Let $R = \mathbb{C}[x,y]$. Then $R/Rx$ is isomorphic to $\mathbb{C}[y]$.
My Proof
$R = ax+by+c , a,b,c \in \mathbb{C}$ and $Rx = (ax+by+c)x , a,b,c \in \mathbb{C}$
So, $$R/(R\cdot x) = (ax+by+c) + (a'x+b'y+c')x, a,b,c a',b',c' \in \mathbb{C}$$ $$ = by+c + (a'x+b'y+(c'+a))x, a,b,c a',b',c' \in \mathbb{C}$$ So the set of cosets of $R/(R\cdot x)$ is clearly isomorphic to $\mathbb{C}[y]$.
This argument feels incredible handwavy. Is there a more rigorous way to prove this?
(I know in some cases defining an appropriate ring homomorphism and finding the kernel gives us the isomorphism by the first isomorphism theorem, but I couldn't find a homomorphism that worked.)

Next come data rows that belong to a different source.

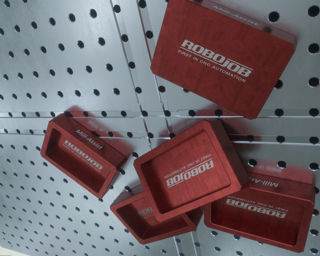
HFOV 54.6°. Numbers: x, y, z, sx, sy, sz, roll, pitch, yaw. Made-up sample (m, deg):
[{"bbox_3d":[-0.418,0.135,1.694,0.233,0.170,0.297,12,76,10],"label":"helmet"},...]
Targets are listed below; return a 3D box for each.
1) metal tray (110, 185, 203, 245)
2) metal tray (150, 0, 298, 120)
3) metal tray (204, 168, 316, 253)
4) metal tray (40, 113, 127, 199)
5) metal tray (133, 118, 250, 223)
[{"bbox_3d":[-0.009,0.133,0.495,0.130,0.030,0.090,-31,101,38],"label":"metal tray"},{"bbox_3d":[0.062,-0.076,0.329,0.130,0.030,0.089,27,128,11],"label":"metal tray"},{"bbox_3d":[0.125,0.105,0.406,0.130,0.030,0.089,9,123,23],"label":"metal tray"},{"bbox_3d":[-0.127,0.047,0.504,0.130,0.030,0.089,35,129,4],"label":"metal tray"},{"bbox_3d":[0.034,0.056,0.393,0.130,0.030,0.090,-32,76,32],"label":"metal tray"}]
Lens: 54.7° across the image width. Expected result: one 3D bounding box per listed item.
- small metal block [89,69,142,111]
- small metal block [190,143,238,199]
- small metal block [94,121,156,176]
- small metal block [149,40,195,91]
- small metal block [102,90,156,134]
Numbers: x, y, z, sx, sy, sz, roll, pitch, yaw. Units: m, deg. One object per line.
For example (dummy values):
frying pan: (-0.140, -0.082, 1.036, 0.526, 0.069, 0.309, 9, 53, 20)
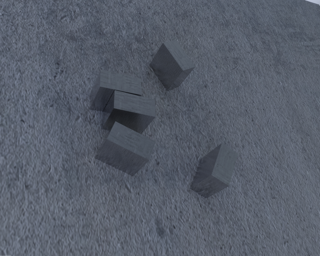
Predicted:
small metal block: (-0.056, -0.042, 0.383, 0.050, 0.050, 0.025, 9, 58, -23)
small metal block: (0.068, 0.055, 0.391, 0.025, 0.050, 0.050, 33, 52, -7)
small metal block: (-0.040, 0.025, 0.351, 0.050, 0.050, 0.025, 28, 52, -11)
small metal block: (0.017, -0.091, 0.452, 0.025, 0.050, 0.050, -24, 75, -37)
small metal block: (-0.039, -0.016, 0.377, 0.050, 0.050, 0.025, 11, 57, -22)
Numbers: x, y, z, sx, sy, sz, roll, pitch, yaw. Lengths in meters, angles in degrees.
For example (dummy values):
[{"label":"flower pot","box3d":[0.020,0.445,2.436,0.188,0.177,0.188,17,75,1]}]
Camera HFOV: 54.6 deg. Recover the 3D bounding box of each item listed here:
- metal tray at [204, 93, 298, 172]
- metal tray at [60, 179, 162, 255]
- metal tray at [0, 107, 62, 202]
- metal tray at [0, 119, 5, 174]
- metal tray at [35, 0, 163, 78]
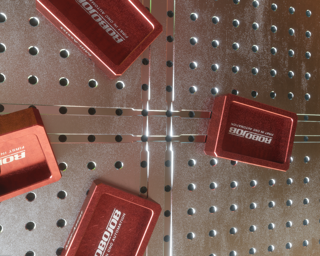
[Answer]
[{"label":"metal tray","box3d":[0.137,0.008,0.459,0.131,0.030,0.090,13,86,-20]},{"label":"metal tray","box3d":[-0.064,0.140,0.386,0.090,0.030,0.130,25,82,-18]},{"label":"metal tray","box3d":[-0.178,0.038,0.317,0.131,0.030,0.090,-19,136,-19]},{"label":"metal tray","box3d":[-0.214,0.046,0.310,0.091,0.030,0.130,9,76,-10]},{"label":"metal tray","box3d":[-0.072,-0.137,0.382,0.130,0.030,0.090,44,76,-15]}]
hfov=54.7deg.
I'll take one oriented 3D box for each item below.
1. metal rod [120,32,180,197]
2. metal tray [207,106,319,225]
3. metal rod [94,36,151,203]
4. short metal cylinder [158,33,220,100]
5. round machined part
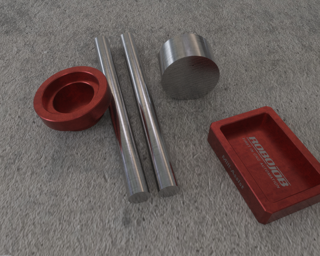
[{"bbox_3d":[-0.023,-0.041,0.437,0.025,0.025,0.300,-10,51,-8],"label":"metal rod"},{"bbox_3d":[0.126,0.037,0.369,0.091,0.030,0.130,-17,52,-14],"label":"metal tray"},{"bbox_3d":[-0.061,-0.035,0.431,0.025,0.025,0.300,-12,51,-10],"label":"metal rod"},{"bbox_3d":[0.039,-0.085,0.440,0.081,0.080,0.050,-4,50,-4],"label":"short metal cylinder"},{"bbox_3d":[-0.112,-0.034,0.413,0.098,0.042,0.098,-6,52,7],"label":"round machined part"}]

Hint. Can you prove that \begin{align*} \Phi:\mathbf{C}[X,Y] &\longrightarrow \mathbf{C}[Y] \\ f(X,Y) &\longmapsto f(0,Y) \end{align*} is a surjective ring homomorphism? Its kernel is exactly $(X)\subset \mathbf{C}[X,Y]$ (why?). Now you are ready to use the first isomorphism theorem.